Amidst such cruelty and cowardice, real people like Madame Gaulloise, Pierre, Claudette, and the old school teacher could still dream of a better world and a better people. In the face of pervasive hatred and violence, ordinary people had the extraordinary ability to show mercy and generosity.
I traveled to France to better understand the landscape, the people of WWII, and what happened to civilians during the fight for liberation. I stood for a long time in front of one display in a small Resistance museum in the Morvan region, just a few miles from Dun-les-Places, where the Nazis gunned down an entire village because a handful of them were members of the local maquis. I was transfixed by a wall of black and white photos of Resistance fighters and the villagers who helped them. I realized then, really for the first time, that had it not been for these brave people, my father might not have survived. I and my children would not exist.

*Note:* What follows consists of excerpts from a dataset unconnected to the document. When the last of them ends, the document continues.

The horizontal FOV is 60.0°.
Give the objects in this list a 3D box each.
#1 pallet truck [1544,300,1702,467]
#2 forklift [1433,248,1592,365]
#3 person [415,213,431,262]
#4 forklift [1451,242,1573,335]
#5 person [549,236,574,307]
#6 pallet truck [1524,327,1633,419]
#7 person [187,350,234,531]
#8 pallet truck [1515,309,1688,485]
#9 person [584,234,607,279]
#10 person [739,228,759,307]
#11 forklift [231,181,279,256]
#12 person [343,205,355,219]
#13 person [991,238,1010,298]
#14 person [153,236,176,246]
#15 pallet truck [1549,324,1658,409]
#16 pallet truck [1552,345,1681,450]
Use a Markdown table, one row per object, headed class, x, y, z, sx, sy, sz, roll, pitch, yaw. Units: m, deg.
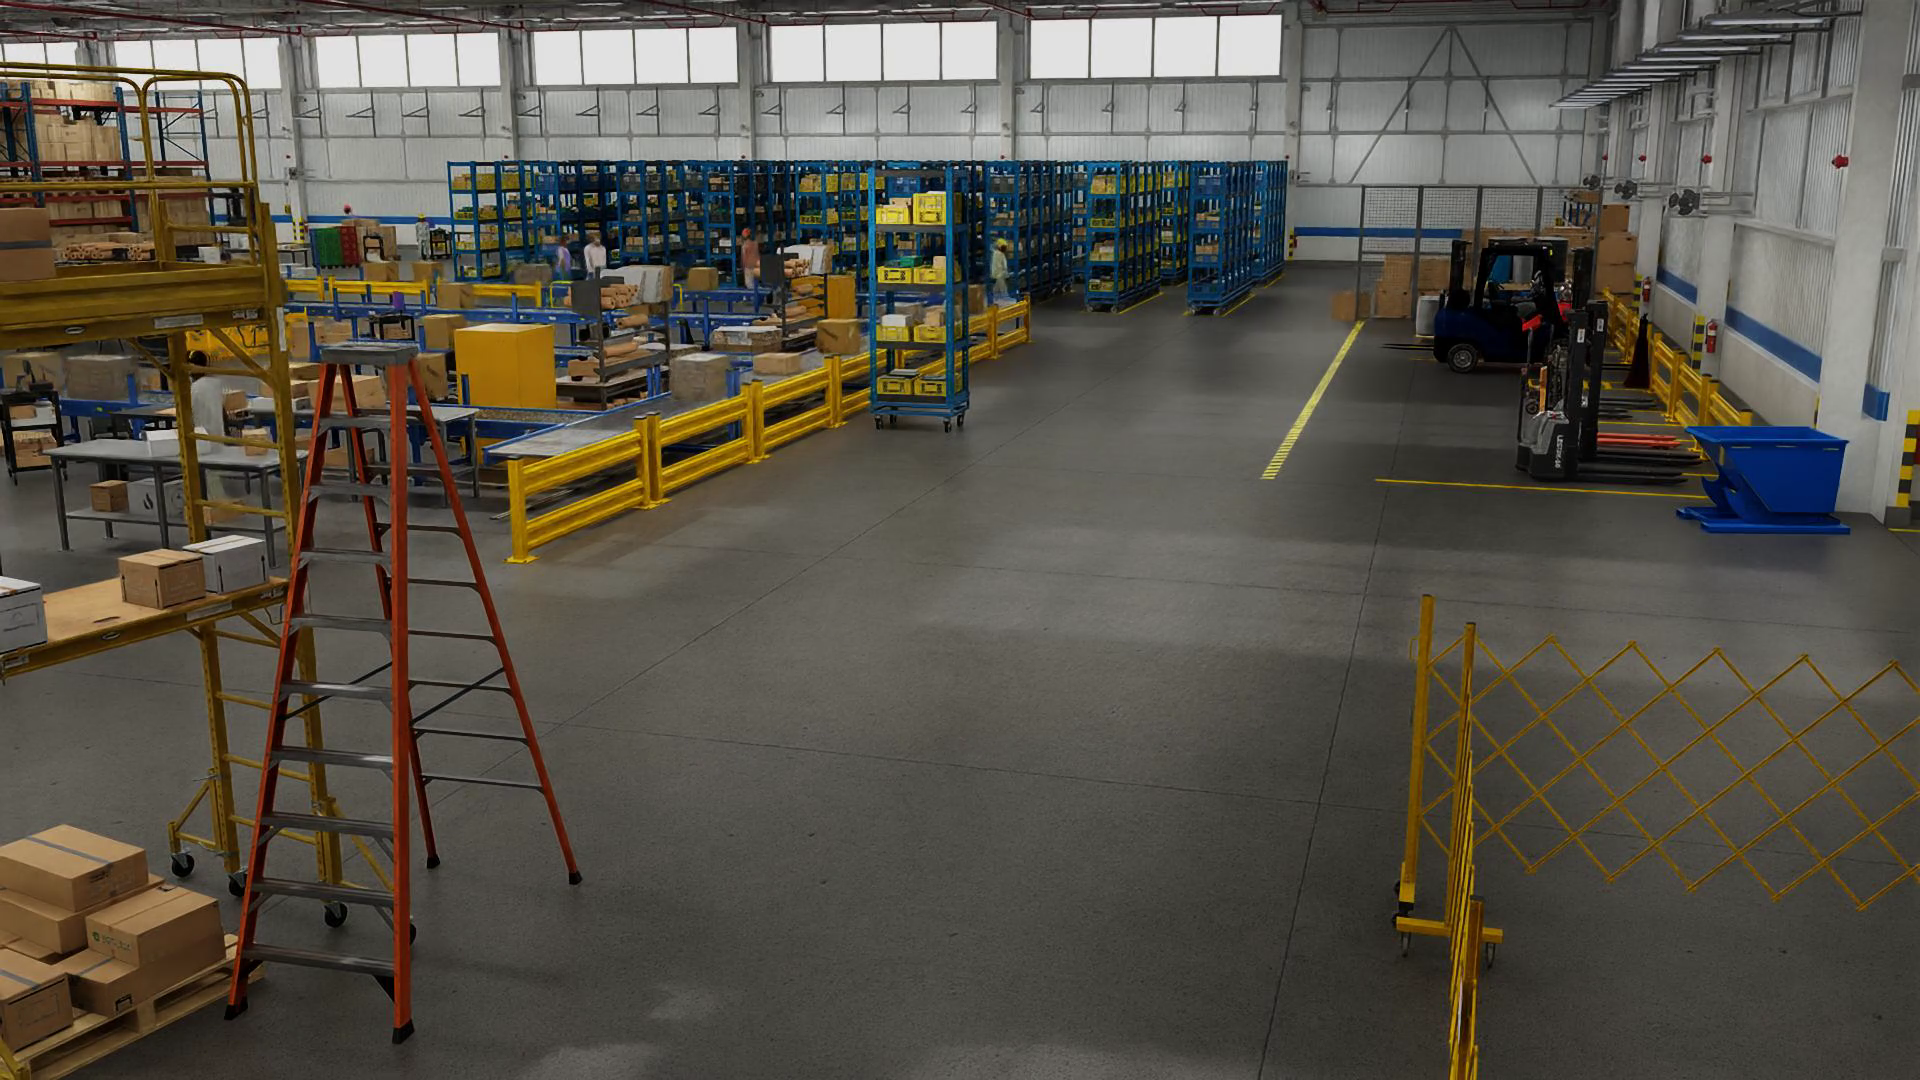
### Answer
| class | x | y | z | sx | sy | sz | roll | pitch | yaw |
| --- | --- | --- | --- | --- | --- | --- | --- | --- | --- |
| pallet truck | 8.263 | -1.952 | 20.631 | 1.885 | 1.965 | 0.823 | 5 | 14 | 20 |
| forklift | 9.780 | -4.111 | 29.280 | 2.680 | 1.987 | 1.157 | 3 | 13 | 14 |
| person | -19.120 | -10.753 | 59.231 | 0.485 | 1.734 | 0.348 | -7 | 15 | -28 |
| forklift | 10.464 | -4.597 | 31.405 | 2.680 | 1.987 | 1.157 | 4 | 14 | 16 |
| person | -9.855 | -6.654 | 41.386 | 0.830 | 1.826 | 0.580 | 1 | 13 | 3 |
| pallet truck | 9.065 | -2.460 | 24.370 | 1.522 | 1.261 | 0.704 | 3 | 13 | 14 |
| person | -7.694 | -0.996 | 16.820 | 0.671 | 1.847 | 0.556 | 3 | 13 | 13 |
| pallet truck | 7.554 | -1.677 | 19.446 | 1.885 | 1.965 | 0.823 | 3 | 13 | 14 |
| person | -8.970 | -6.656 | 41.259 | 0.647 | 1.852 | 0.997 | -11 | 17 | -39 |
| person | -5.324 | -6.862 | 41.872 | 0.434 | 1.980 | 0.646 | 8 | 15 | 31 |
| forklift | -26.012 | -11.677 | 60.711 | 1.129 | 2.768 | 1.873 | 4 | 14 | 16 |
| person | -23.193 | -11.867 | 63.663 | 0.737 | 1.907 | 0.577 | 0 | 13 | 0 |
| person | 1.083 | -6.393 | 40.253 | 0.890 | 1.788 | 0.626 | 3 | 13 | 14 |
| person | -24.568 | -9.040 | 51.387 | 0.637 | 1.938 | 0.413 | -6 | 14 | -26 |
| pallet truck | 9.824 | -2.669 | 25.407 | 1.601 | 1.201 | 0.680 | 4 | 14 | 16 |
| pallet truck | 8.641 | -1.896 | 21.908 | 1.630 | 1.274 | 0.653 | 4 | 14 | 16 |

What haunted me most were the clear-eyed, hopeful faces of several teenagers who disappeared, never to be found. Also displayed is a letter by a 23-year-old Paul Sarrette, who was killed by the Nazis. He wrote, “I am going to fight, not for a word, not for glory or for a flag, but for you—men, woman, and children—so that you may live without knowing the horrors of a war.”
Leaving the museum, visitors pass under an arch that states: “May you think sometimes of the reasons you are free.” I hope Henry Forester and Under a War-torn Sky do that for you.